Nowadays, however, local government services extend to the regulation of
building, to town and environmental planning, public order and safety, and
the provision of cultural, recreational, educational, welfare and health
amenities.[2] According to conventional fiscal federalism theory, services
associated with social security, health, and public order are the very type
that local government should be providing.[3] Over the past ten years, the
underlying aim of personal welfare services has undergone a fundamental
change from curing to prevention, and from maintenance to development.
Consequently, these services are understood now as being an integral part
of local community development.[4]

The Changing Face of Local Government

Local government expenditure on social welfare services has increased from
4.5% in 1982 to 6.6% in 1991-92.[5] The increase is attributed to two main
factors. The resurgence in interest in local government activities by the
federal government, and amendments to the LGA.First of all, local
government has been regarded by the Commonwealth since the early 1980s as a
community-based organisation eligible to make submissions for funds under
various health, welfare and recreational programs.[6] This policy provides a
mechanism whereby the federal government can bypass the States in devolving
funds directly to the community. Secondly, amendments to the LGA have
empowered local authorities to appropriate moneys out of their municipal
funds towards the provision of counselling, refuge services, and child and
youth care.[7] Thus, local government's role has broadened along with its
financial commitment. The same cannot be said of its revenue-raising
capacities.

Aside from rates levied on property, other sources of local government
revenue include local fines and fees, enterprise income, interest,
borrowing and net movements in investments, cash and securities, and grants
from other levels of government.[8] However, many of these revenue sources
are limited in both scope and capacity for further exploitation by local
government. For example, local government trading enterprises are typically
confined to providing goods and services such as caravan parks and
quarries, which are not favoured by private enterprise and which return
limited profits.[9]The Commonwealth contribution to local government
commenced with the enactment of the Commonwealth Grants Commission Act 1973
and payment was in the form of a specified proportion of personal income
tax revenue. This changed in 1986 with the passing of the Local Government
(Financial Assistance) Act 1986 (Cth) which provides for untied financial
assistance grants via the States to local government.

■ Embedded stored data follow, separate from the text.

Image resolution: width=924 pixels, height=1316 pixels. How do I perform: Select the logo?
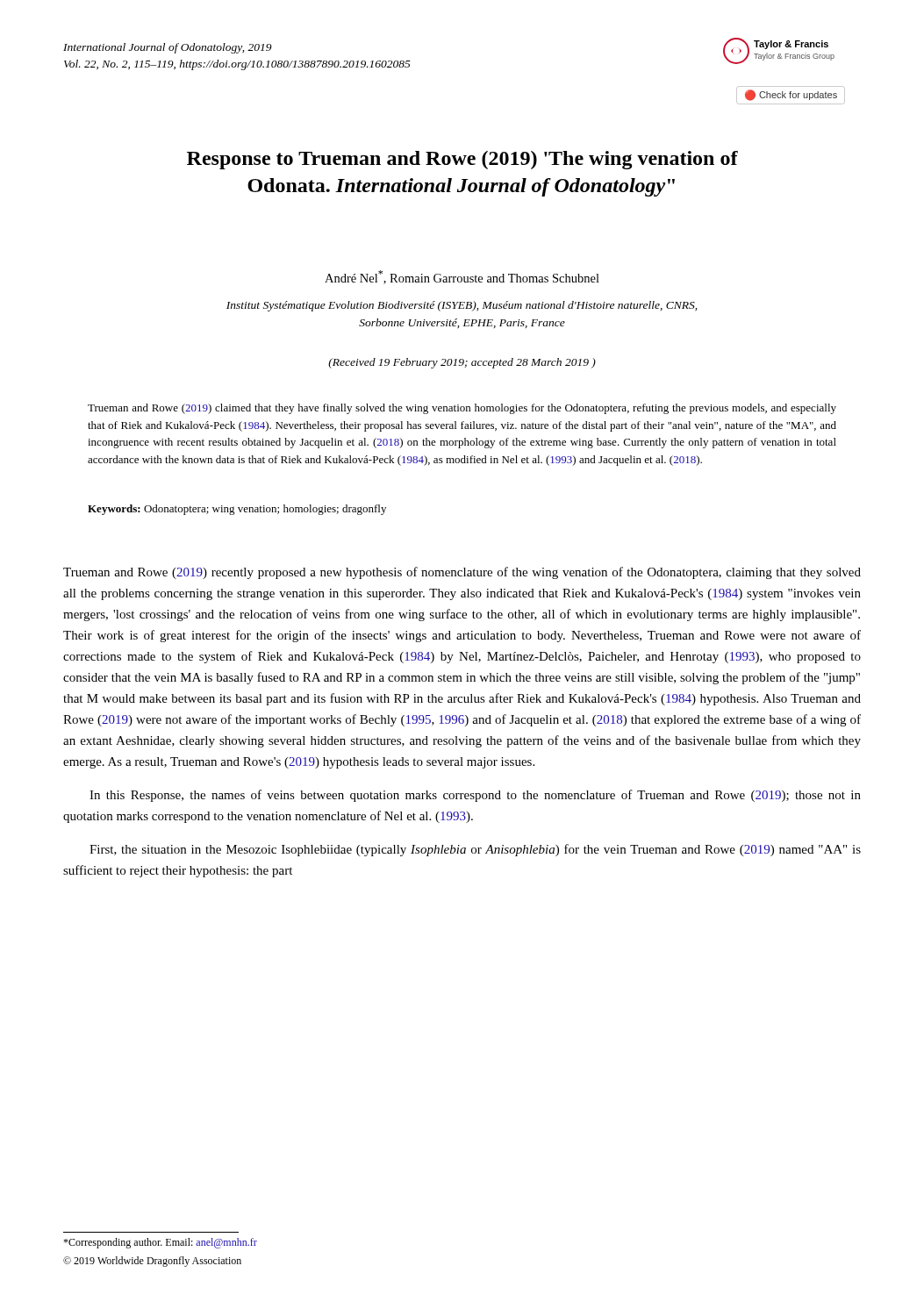click(791, 70)
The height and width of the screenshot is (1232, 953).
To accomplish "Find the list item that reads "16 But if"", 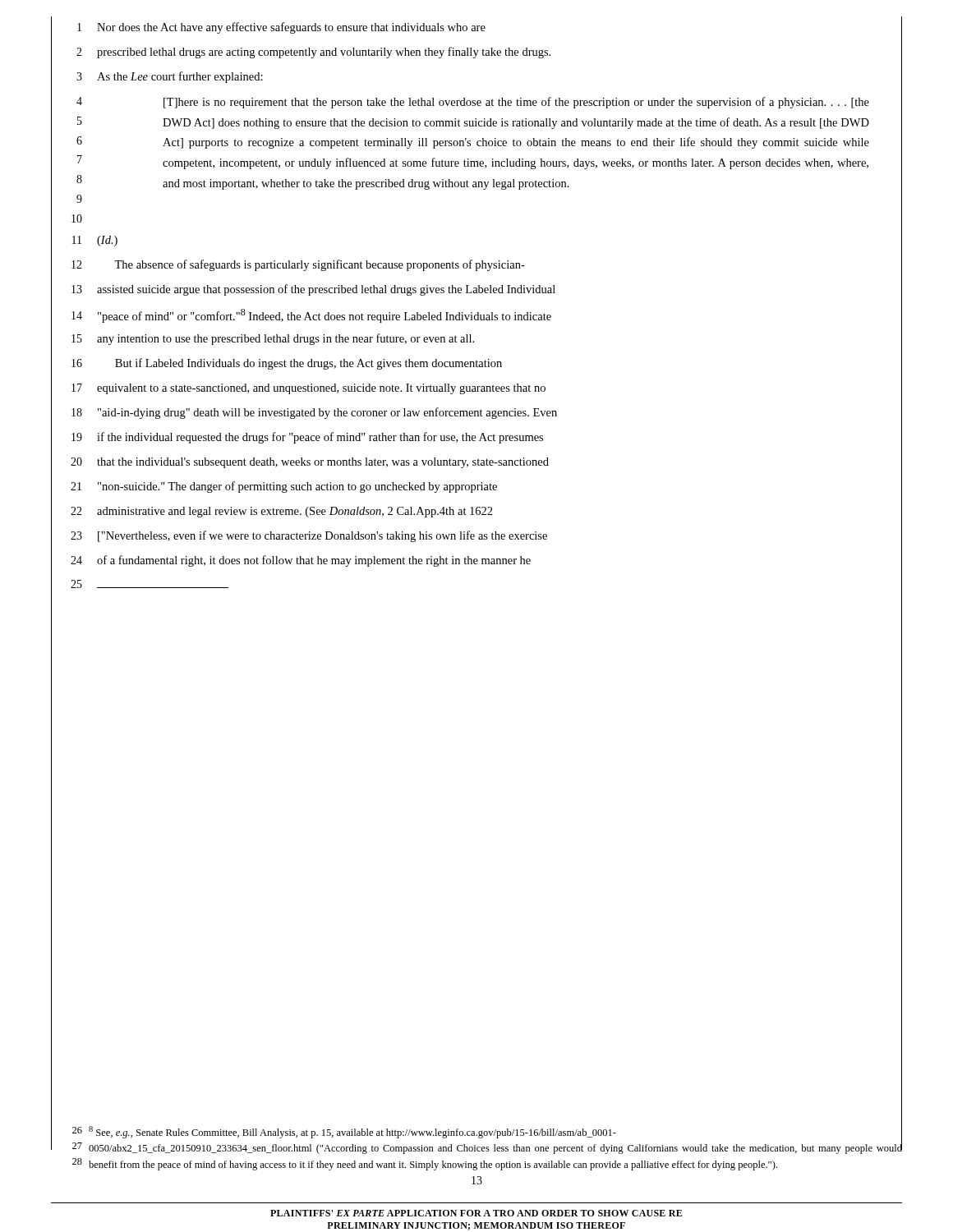I will (476, 363).
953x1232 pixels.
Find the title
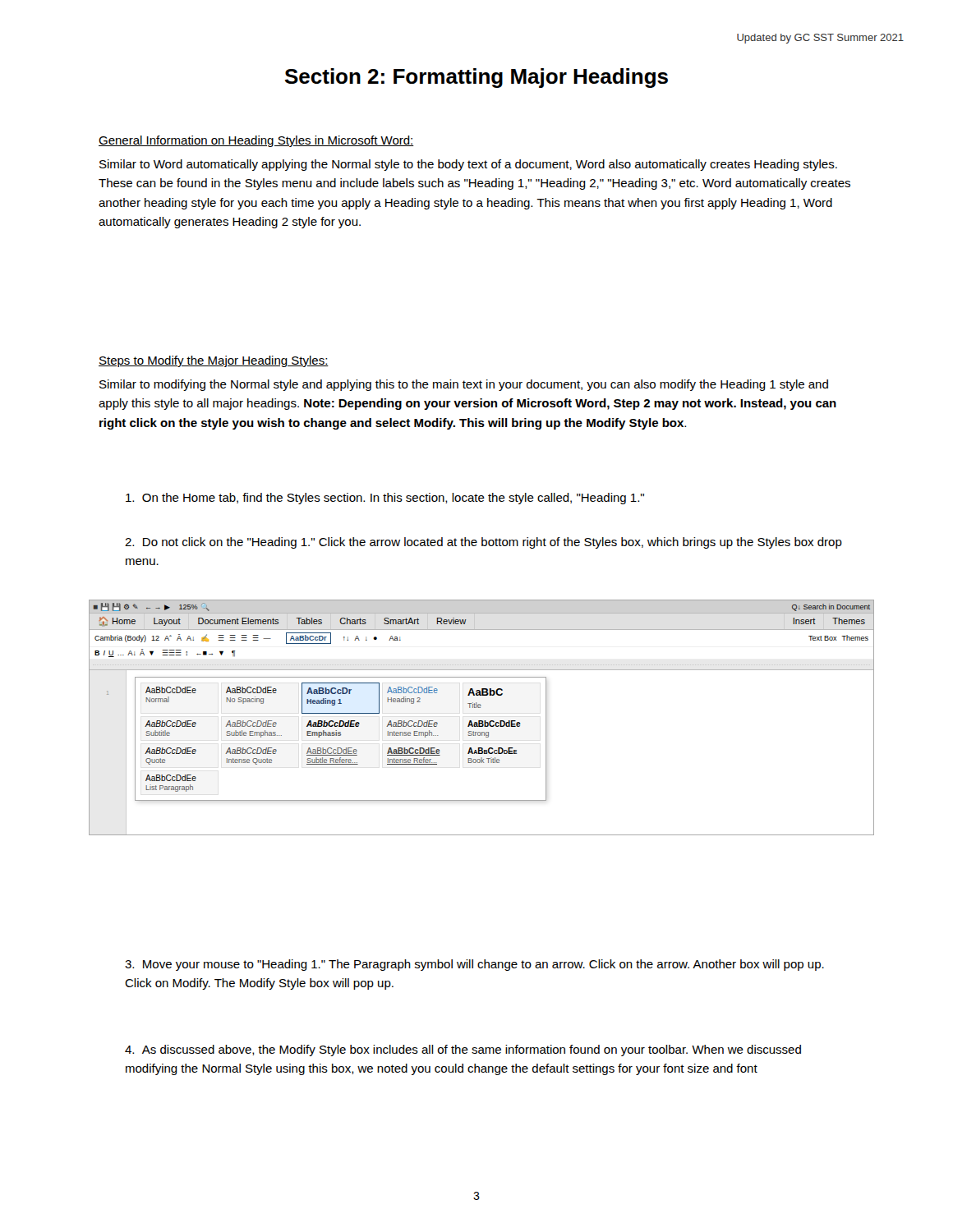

Since the introduction of financial assistance grants, however, the annual
federal budget allocation to local government as a percentage of personal
income tax has actually fallen from 2% in 1985-86 to 1.32% in 1988-89.[10]
Declining financial support from other governments is but one of the
reasons why local government must increasingly rely upon its own abilities
to raise revenue, and more specifically, upon property rates.The historical
reliance on property by local government as a means of raising revenue was
seen as appropriate. The ownership of property and land reflected to a
marked degree a person's wealth. Moreover, moneys raised from
property-based revenue were primarily channelled back into the maintenance
and provision of such property. Representation on local government,
therefore, was directly linked with the ownership of property.[11] However,
local government tax revenues from municipal rates have not kept pace with
economic growth indicated by gross domestic product (GDP). State government
land tax yields have increased significantly as a share of GDP from 1.8% in
1950 to 5% in 1990. Municipal rate revenues, however, have declined from 1%
to .9% as a share of GDP over the same period.[12]The decline in tax yields
suggests that local government needs to access a tax base with growth
potential. At the same time, it reveals a reluctance on the part of
councils in general to increase the amount of revenue they derive from
property tax. Not only is the ability to increase revenue from rates
constrained by taxation policies of State and federal government,[13] but
rates constitute an unpopular form of taxation, aggravated by high
visibility in the annual rate bill. Local government authorities are
understandably reluctant to further exploit property tax as a means of
meeting their financial commitments.[14]

Sources of Local Government Revenue

Taxation on property values is referred to as a `rate' in the LGA. If the
classical definition of what constitutes a tax is examined, however, rates
fit squarely within its parameters. Rates are the compulsory exaction of
money by a public authority for public purposes, enforceable by law. They
are not payments for services rendered.[15]In practice, the distinction
between a tax and a rate would be of little consequence except for the fact
that many ratepayers do not perceive property rates as a tax. This
perception is perpetuated by the seeming nexus between rates paid and the
benefits received. As has been pointed out, moneys raised from property
rates in Australia have historically been channelled back into property one
way or another. So garbage collection and disposal, for example, is a
service provided to property owners through the payment of rates. In this
sense, rates are regarded by the public as a payment for services rendered.
However, not all local government services are provided individually to
ratepayers, nor do they provide benefits to all ratepayers.[16]The majority
of taxes are unrequited, which makes it is difficult for a taxpayer to make
a connection between the tax paid on X and any benefit received. Local
government itself perceives the local rate on property as being distinct
from your average `Sheriff of Nottingham take from the poor and give to the
rich' tax. However, as local government expenditure on services unrelated
to property increases, the local rate on property becomes less requited and
more in the nature of a classical tax.

Having discussed the basic machinery of local government taxation in
Western Australia, we will now assess the local rate on property values in
terms of equity, efficiency and simplicity.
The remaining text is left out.